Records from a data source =
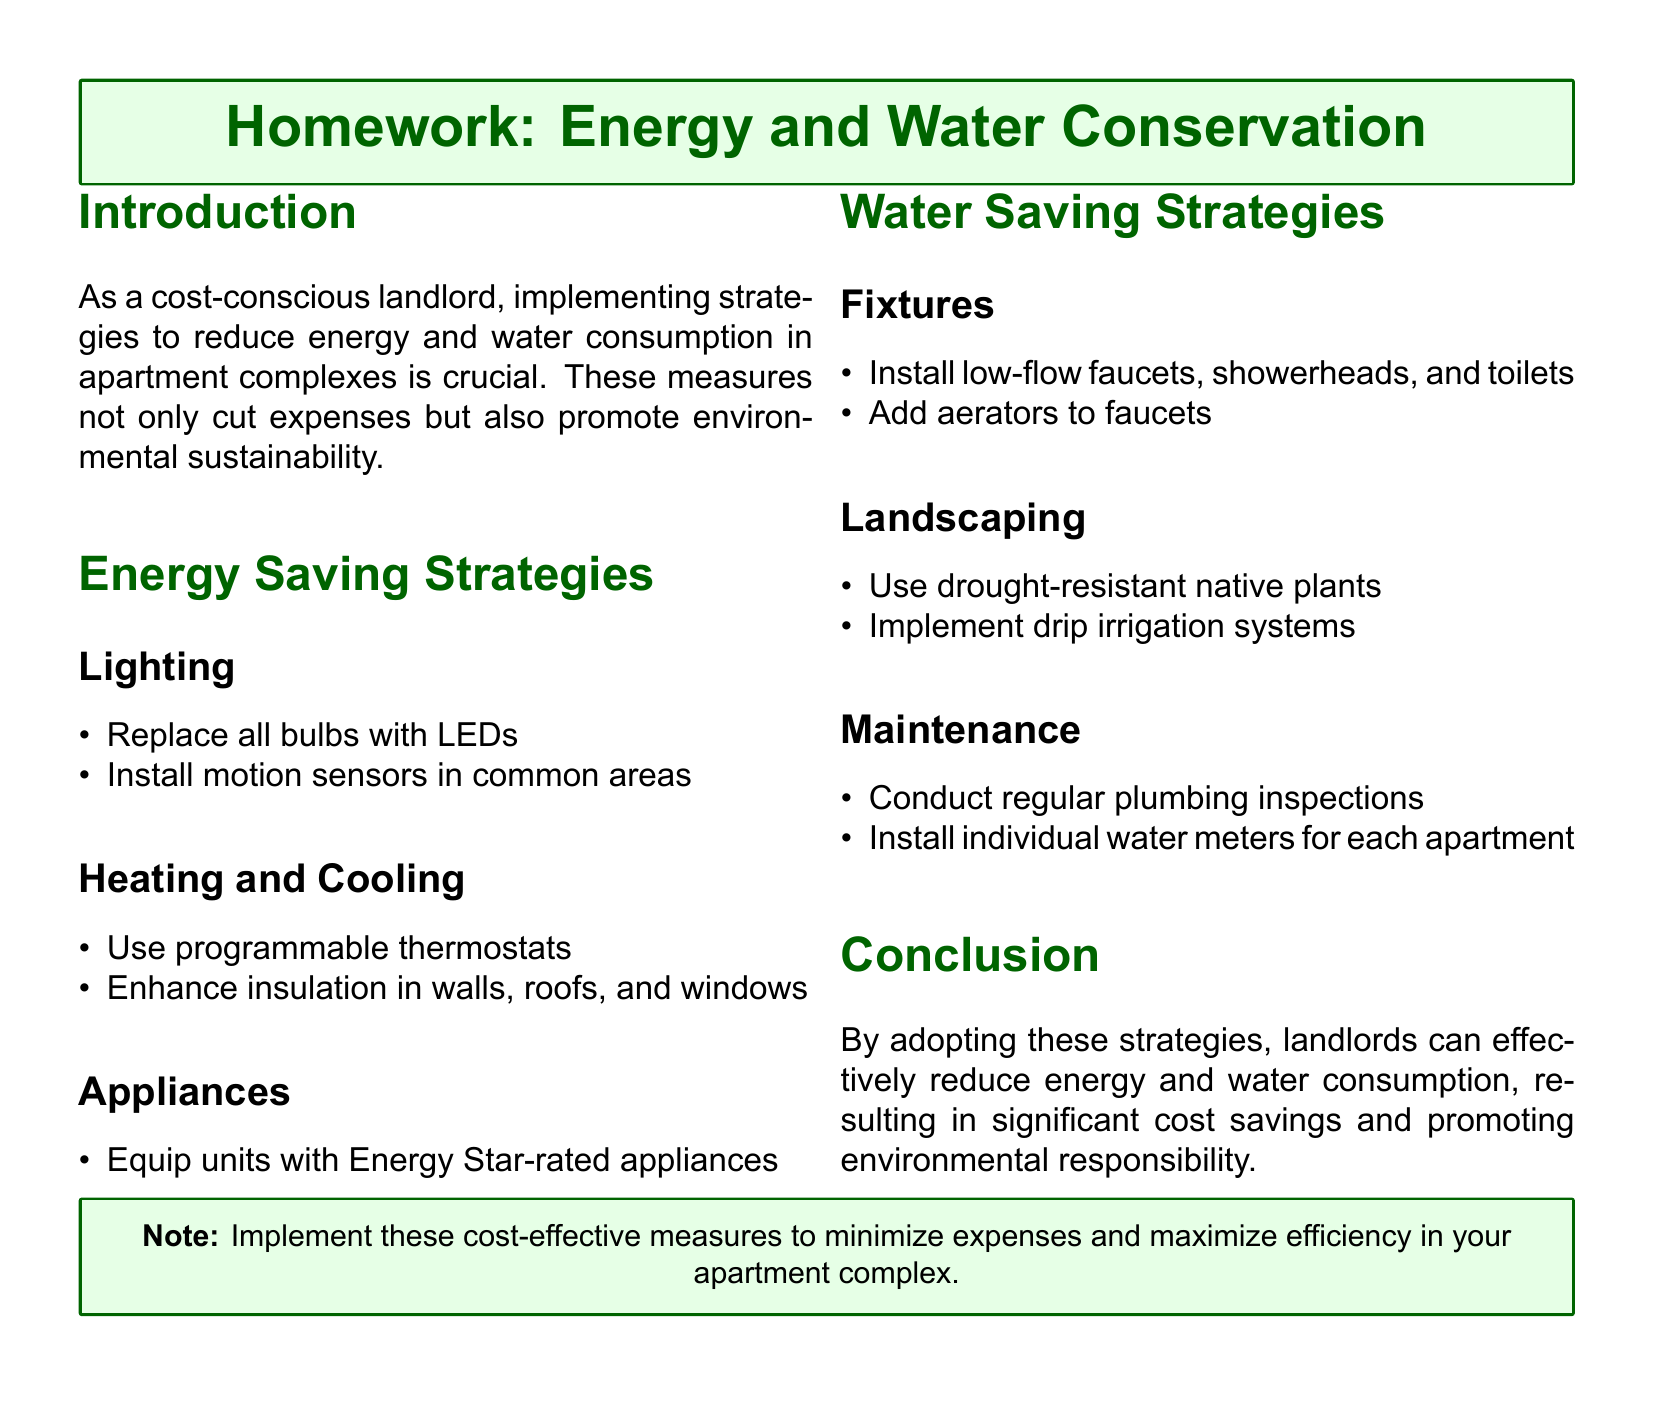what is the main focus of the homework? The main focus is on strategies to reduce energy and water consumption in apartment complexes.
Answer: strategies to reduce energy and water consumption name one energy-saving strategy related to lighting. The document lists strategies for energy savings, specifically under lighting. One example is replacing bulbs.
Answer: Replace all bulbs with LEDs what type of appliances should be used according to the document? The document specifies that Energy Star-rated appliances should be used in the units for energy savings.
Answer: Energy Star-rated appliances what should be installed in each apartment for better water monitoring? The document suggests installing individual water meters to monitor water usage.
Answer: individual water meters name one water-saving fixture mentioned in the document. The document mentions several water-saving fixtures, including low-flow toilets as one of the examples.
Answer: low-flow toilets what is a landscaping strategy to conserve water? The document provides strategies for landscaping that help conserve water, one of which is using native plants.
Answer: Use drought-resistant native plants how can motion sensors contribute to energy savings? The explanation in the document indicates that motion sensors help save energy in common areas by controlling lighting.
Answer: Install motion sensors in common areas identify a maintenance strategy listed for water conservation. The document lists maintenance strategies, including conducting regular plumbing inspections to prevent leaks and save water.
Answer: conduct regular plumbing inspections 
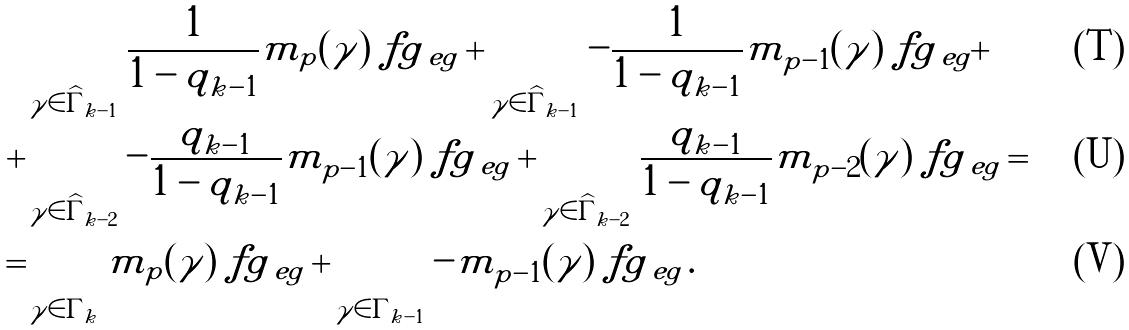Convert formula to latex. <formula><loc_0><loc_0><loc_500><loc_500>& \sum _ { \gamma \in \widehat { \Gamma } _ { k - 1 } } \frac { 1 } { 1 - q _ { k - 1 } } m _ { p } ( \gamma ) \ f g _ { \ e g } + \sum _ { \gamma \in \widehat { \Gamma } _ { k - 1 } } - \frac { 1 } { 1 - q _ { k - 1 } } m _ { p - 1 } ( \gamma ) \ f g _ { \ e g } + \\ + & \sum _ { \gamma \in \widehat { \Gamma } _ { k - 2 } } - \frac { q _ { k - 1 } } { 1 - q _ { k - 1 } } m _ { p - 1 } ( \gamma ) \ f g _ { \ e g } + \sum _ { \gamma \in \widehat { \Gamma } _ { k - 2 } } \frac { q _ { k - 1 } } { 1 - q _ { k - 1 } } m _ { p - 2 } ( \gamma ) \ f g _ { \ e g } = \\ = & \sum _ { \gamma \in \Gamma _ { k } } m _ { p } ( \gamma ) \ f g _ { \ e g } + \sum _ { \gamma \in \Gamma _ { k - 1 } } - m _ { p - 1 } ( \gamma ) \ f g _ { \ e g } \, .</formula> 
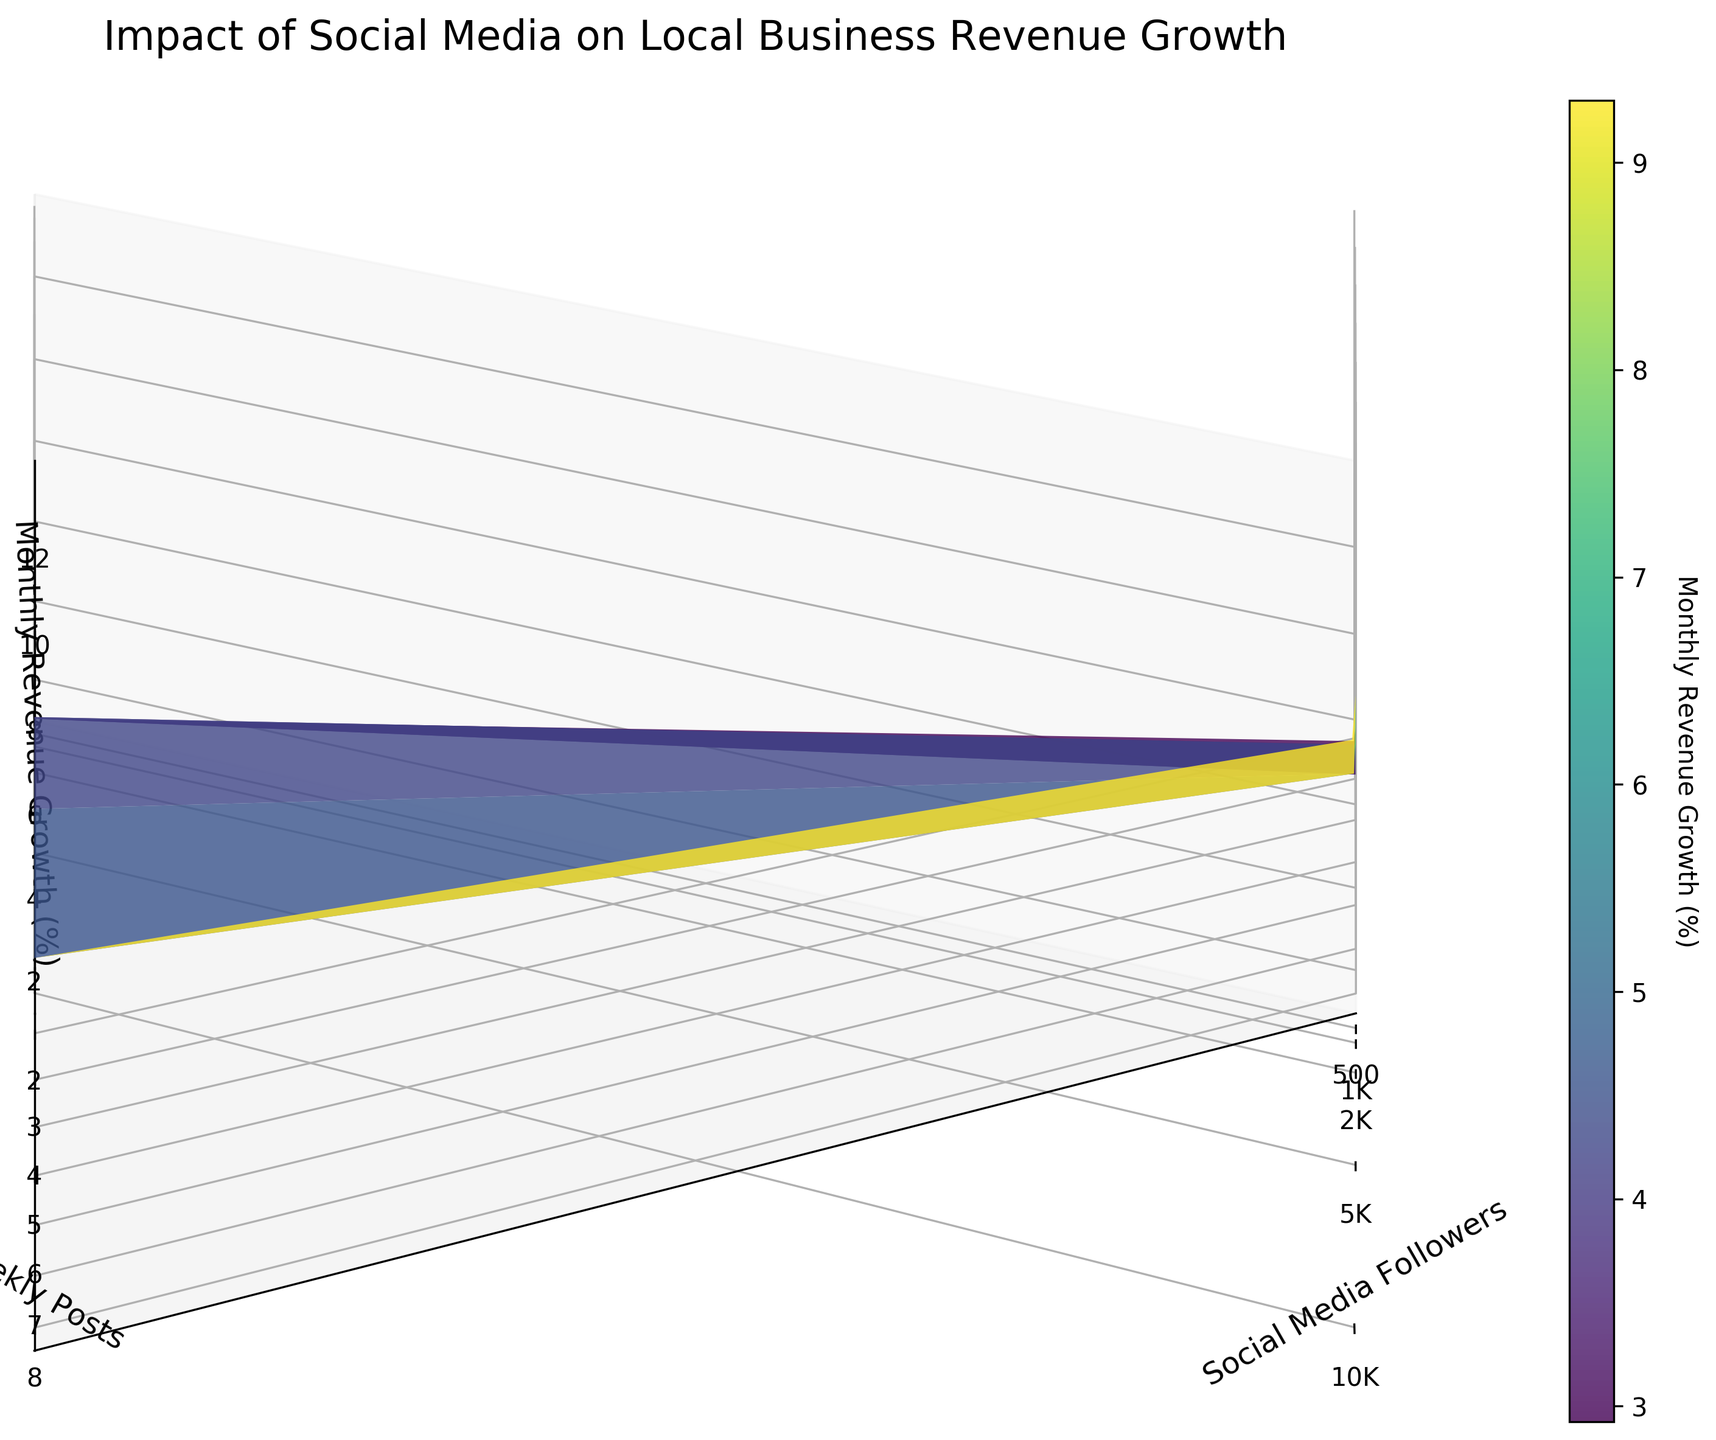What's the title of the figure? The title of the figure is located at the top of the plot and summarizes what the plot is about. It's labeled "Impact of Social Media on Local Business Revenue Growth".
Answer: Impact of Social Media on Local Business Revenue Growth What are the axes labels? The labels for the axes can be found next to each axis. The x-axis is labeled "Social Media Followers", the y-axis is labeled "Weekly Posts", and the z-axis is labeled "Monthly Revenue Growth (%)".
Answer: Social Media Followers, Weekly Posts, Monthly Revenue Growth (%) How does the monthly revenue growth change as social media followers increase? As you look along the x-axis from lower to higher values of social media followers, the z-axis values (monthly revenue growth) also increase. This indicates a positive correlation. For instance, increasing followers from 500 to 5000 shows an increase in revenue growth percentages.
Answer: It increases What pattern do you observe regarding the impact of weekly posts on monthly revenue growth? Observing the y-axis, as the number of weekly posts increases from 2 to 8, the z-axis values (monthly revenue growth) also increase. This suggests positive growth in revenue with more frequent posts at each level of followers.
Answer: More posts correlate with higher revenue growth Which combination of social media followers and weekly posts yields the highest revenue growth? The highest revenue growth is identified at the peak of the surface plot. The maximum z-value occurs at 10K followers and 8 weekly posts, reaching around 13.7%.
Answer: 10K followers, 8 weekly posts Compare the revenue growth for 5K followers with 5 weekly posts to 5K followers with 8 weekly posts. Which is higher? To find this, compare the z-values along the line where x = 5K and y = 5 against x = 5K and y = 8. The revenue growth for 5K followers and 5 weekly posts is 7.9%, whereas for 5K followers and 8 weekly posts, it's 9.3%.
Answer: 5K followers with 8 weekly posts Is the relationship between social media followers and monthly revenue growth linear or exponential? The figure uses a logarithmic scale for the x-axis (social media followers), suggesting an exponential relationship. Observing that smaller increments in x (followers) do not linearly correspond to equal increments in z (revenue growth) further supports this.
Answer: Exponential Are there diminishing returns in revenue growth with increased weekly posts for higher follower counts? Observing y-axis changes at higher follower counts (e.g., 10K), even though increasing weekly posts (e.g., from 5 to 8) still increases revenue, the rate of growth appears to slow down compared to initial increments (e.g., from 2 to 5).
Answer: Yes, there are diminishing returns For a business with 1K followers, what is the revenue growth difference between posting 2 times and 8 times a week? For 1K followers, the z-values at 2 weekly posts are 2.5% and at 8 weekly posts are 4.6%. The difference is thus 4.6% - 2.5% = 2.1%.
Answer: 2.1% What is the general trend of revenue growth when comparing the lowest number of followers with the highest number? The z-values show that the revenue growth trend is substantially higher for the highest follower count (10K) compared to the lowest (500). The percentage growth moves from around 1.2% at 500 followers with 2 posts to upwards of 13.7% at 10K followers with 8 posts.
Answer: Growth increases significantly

Activity = The answer should be a single number: the count of lines in the records that hold the string "inspections".

Output below = 2